§ Entries provided:
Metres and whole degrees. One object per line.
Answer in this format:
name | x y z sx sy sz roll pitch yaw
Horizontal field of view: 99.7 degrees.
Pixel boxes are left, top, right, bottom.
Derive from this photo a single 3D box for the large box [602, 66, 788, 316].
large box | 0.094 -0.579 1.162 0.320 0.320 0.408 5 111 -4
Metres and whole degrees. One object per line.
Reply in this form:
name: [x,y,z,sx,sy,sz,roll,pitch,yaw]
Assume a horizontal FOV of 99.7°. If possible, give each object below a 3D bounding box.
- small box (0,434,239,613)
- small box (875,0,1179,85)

...

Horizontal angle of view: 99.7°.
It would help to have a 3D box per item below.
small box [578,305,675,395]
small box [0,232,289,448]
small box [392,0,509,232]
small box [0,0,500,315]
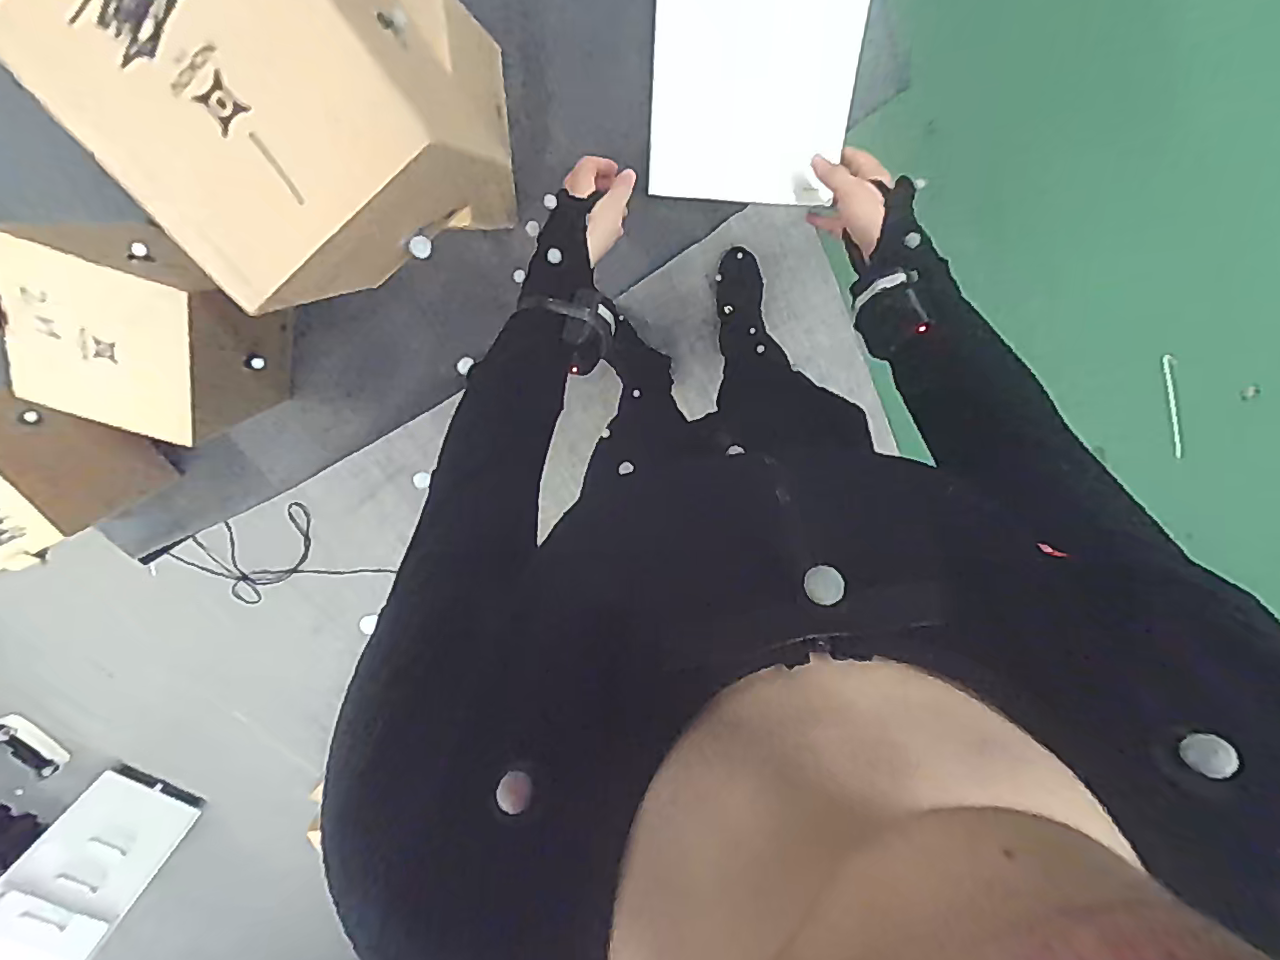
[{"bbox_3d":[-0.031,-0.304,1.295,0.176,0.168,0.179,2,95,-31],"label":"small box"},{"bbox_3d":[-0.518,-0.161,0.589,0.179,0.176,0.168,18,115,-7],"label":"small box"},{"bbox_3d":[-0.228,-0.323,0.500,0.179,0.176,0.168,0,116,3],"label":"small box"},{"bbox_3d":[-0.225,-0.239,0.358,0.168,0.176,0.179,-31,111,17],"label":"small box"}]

§ Exercise:
Which of the lines above hold the string "roll"? Pick each of them out.

§ Written reply:
name | x y z sx sy sz roll pitch yaw
name: [x,y,z,sx,sy,sz,roll,pitch,yaw]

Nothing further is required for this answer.